Il y a des exceptions. Ceux qui, comme Jean Charest ou Pierre Elliott Trudeau, viennent d'une famille mixte. Ou ceux qui ont un don spécial pour les langues (c'est souvent le fait de musiciens, de gens qui ont «de l'oreille» et reproduisent instinctivement les sons étrangers).

Dans les pays officiellement unilingues, en France ou en Allemagne, les chefs d'État se font une règle de ne parler que leur langue maternelle quand ils se trouvent en représentation, histoire d'éviter les impairs et les malentendus. Mais le Canada est un pays bilingue; ses chefs de parti ne peuvent débattre en public flanqués d'un interprète. Cela leur nuirait encore plus, au niveau de l'image et de la communication, qu'une maîtrise imparfaite de l'autre langue officielle.

Au Québec, on a souvent tendance à reprocher aux personnages publics leur méconnaissance du français... ou à s'imaginer que les immigrants peuvent apprendre le français à la vitesse grand V. Ces critiques viennent généralement d'unilingues qui ignorent la somme incroyable de travail qu'il faut investir dans l'apprentissage d'une langue seconde. Ces «imbéciles heureux» se croient eux-mêmes bilingues parce qu'ils pourraient, à la rigueur, commander un hamburger en anglais. Ils n'ont pas idée des années d'efforts qui sont nécessaires pour pouvoir énoncer des concepts relativement compliqués dans une langue seconde.

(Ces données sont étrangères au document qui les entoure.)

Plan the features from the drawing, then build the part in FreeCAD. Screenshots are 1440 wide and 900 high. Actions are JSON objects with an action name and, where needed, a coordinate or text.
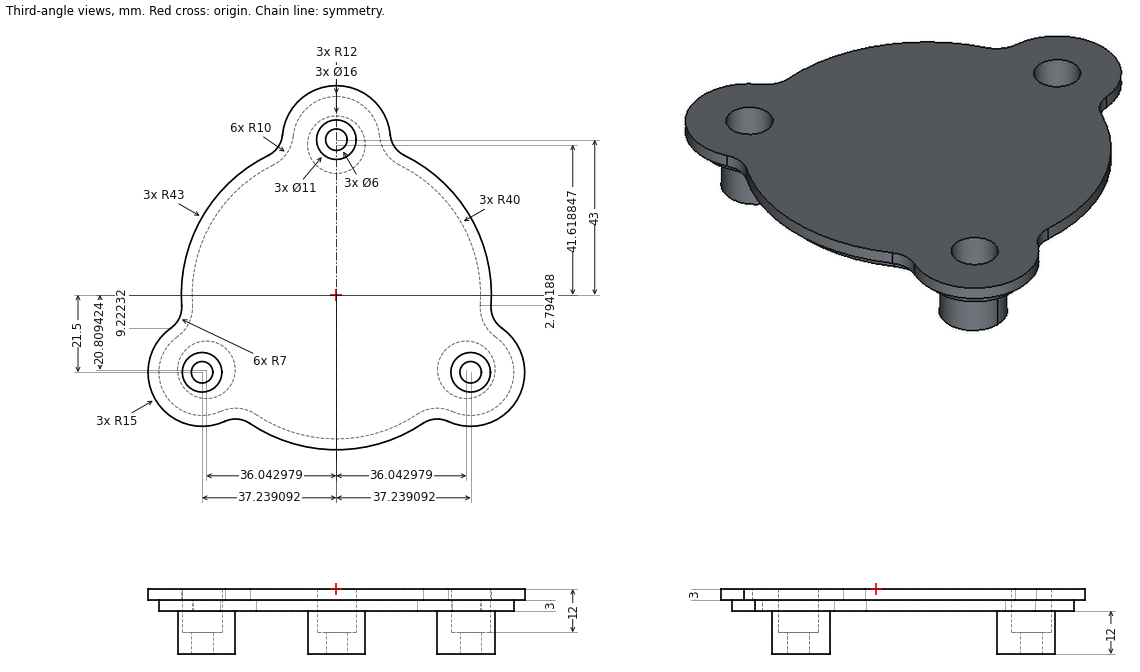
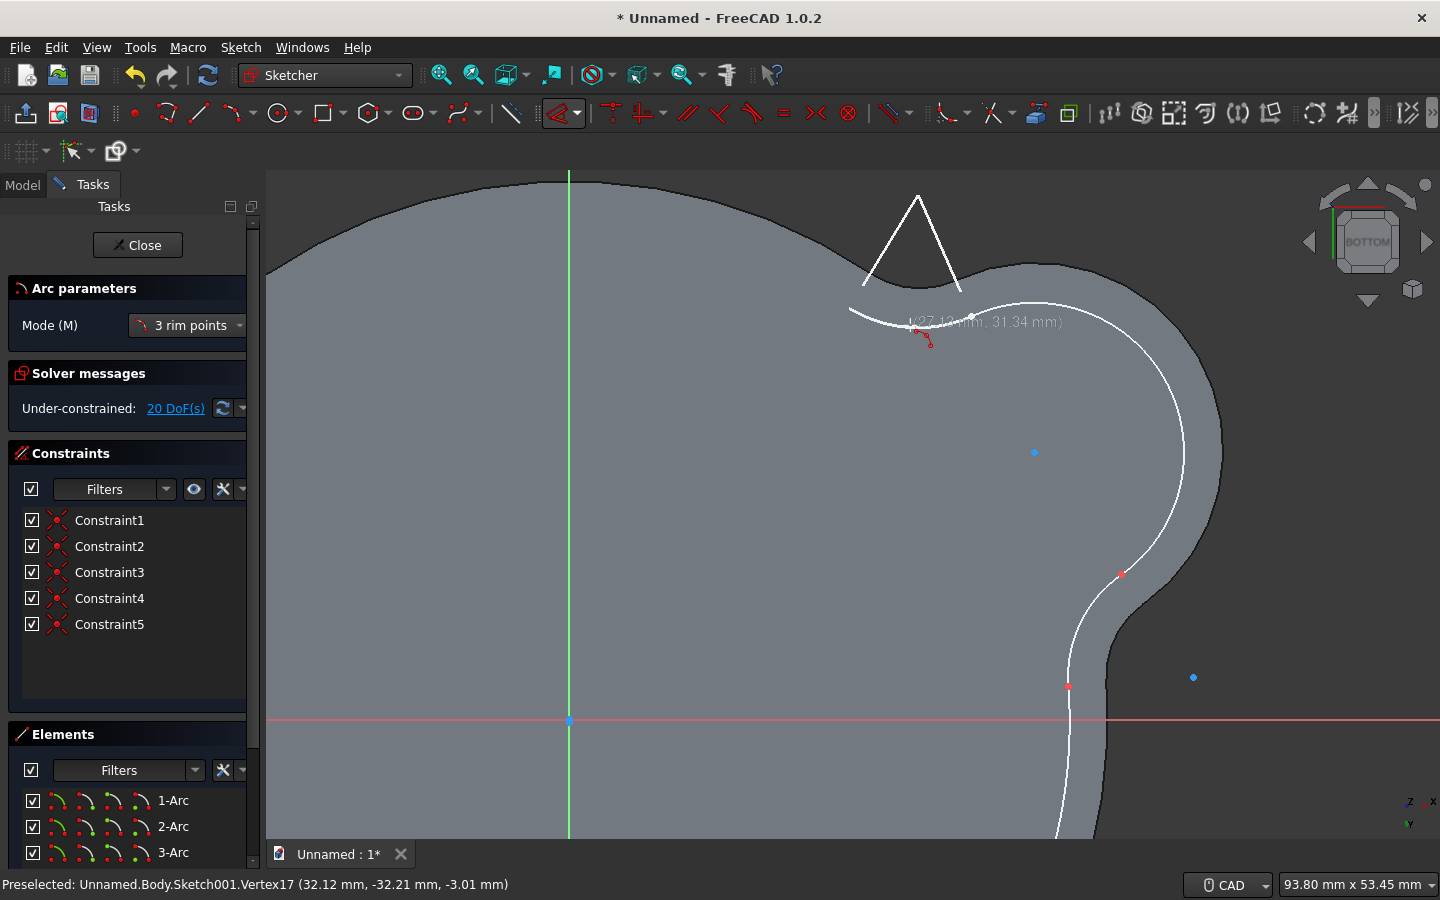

L'autre leçon linguistique de ces débats, c'est que l'anglais, dans les écoles françaises, doit être enseigné le plus tôt possible, mais surtout dans les règles de l'art, avec des enseignants très bien formés, idéalement des enseignants dont c'est la langue maternelle. À l'âge adulte, l'apprentissage devient beaucoup plus difficile, et nos politiciens fédéraux en sont la preuve vivante, eux qui ont pourtant eu la possibilité d'embaucher des tuteurs particuliers et qui avaient un degré de motivation exceptionnel, puisqu'il en allait de leur carrière politique.

Ce n'est pas par hasard que des sondages-éclairs ont donné la victoire du débat français aux deux chefs francophones... et celle du débat anglais à MM. Harper et Layton! C'est sur la langue qu'on les a jugés.